Fit or Fat?
Martial artists are often considered some of the most highly skilled and best conditioned athletes in the world. Many maintain peak fitness and regularly undergo grueling training sessions. All attempt to practice and healthy lifestyles.
Then there’s Joey Karate . . .
If you’ve seen some of his act, then you know why I can’t post too much on this family-friendly blog. Let’s suffice to say his goal is to parody all the so-called “masters” whose authority is somewhat undermined by being overweight.
We’ve all seen the swindlers whose bravado oversteps their skill and the effectiveness of their art. But would you call guys like Chuck Liddell and Georges St-Pierre fat and incapable in a fight? Let’s take a look.
Here’s a shot of Liddell prowling the Octagon during the Ultimate Fighter. Presumably, he is looking for cookies.
In this picture Liddell is being sportsmanlike, but he also looks hungry. Not in the competitive sense, mind you.
Georges is looking forward to the end of his training session so he can check out the new pastry shop in town.
Did Georges just win his fight here? Obviously ice cream is in order!
The Battle of the Bulge
Yeah, I just wrote a bunch of fat jokes about two of the most successful fighters in UFC history. Hopefully they won’t track me down and beat me up. But they’d have to catch me first, and clearly that would be difficult since they’re carrying so much extra weight.
All kidding aside, there must be a reason why their bellies are bulging. Both Liddell and GSP are actually really lean, so why do they look so fat in these pictures?
I think there are two good reasons:
1.) They both come from karate backgrounds.
2.) They both hit really, really hard.
These two facts are interrelated. First off, as many a karate teacher will point out, you need to push the air down in your stomach when performing katas and kumites.
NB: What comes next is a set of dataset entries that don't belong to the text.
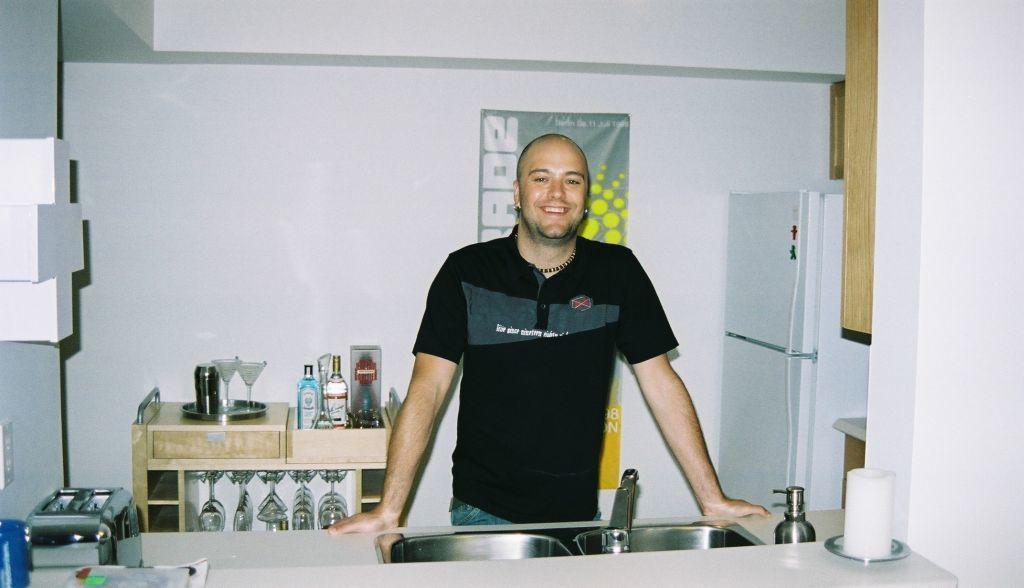Could you give a brief overview of what you see in this image? At the center of the image there is a person standing in front of the sink, which is on the kitchen platform. Behind him there is a table. On the table there are some objects placed. On the right side there is a refrigerator. In the background there is a wall. 
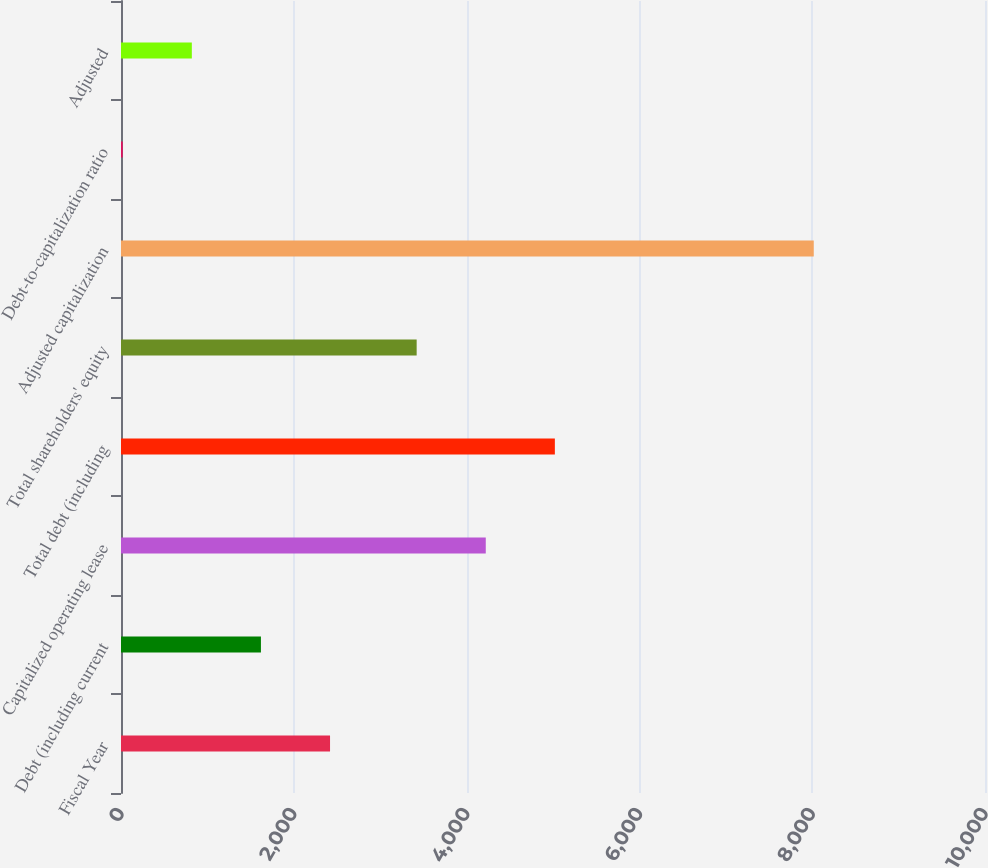<chart> <loc_0><loc_0><loc_500><loc_500><bar_chart><fcel>Fiscal Year<fcel>Debt (including current<fcel>Capitalized operating lease<fcel>Total debt (including<fcel>Total shareholders' equity<fcel>Adjusted capitalization<fcel>Debt-to-capitalization ratio<fcel>Adjusted<nl><fcel>2419.4<fcel>1619.6<fcel>4221.8<fcel>5021.6<fcel>3422<fcel>8018<fcel>20<fcel>819.8<nl></chart> 
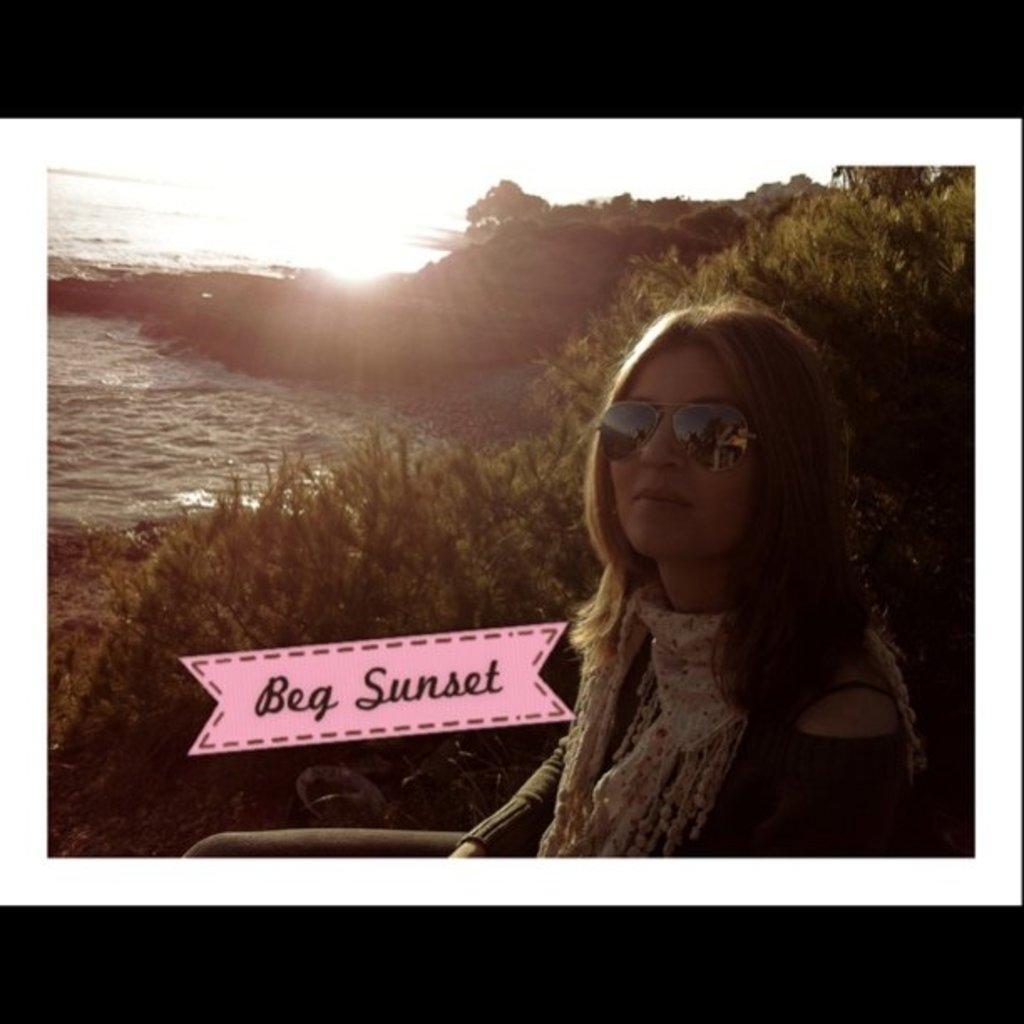Describe this image in one or two sentences. In this picture there is a girl on the right side of the image and there is water on the left side of the image and there are plants on the right side of the image.

This helps protect your internal organs in case you get slammed with a body blow or plowed into by a side kick. Ever get hit in the stomach when you’re not ready for it? Not fun.
So after years of karate training–of pushing the stomach down and out to absorb attacks–both fighters have big bellies.
Secondly, as any powerlifter will tell you, you need to push your belly out to generate power. Check out these pros. They vary in body composition, but they’re all shaped like barrels!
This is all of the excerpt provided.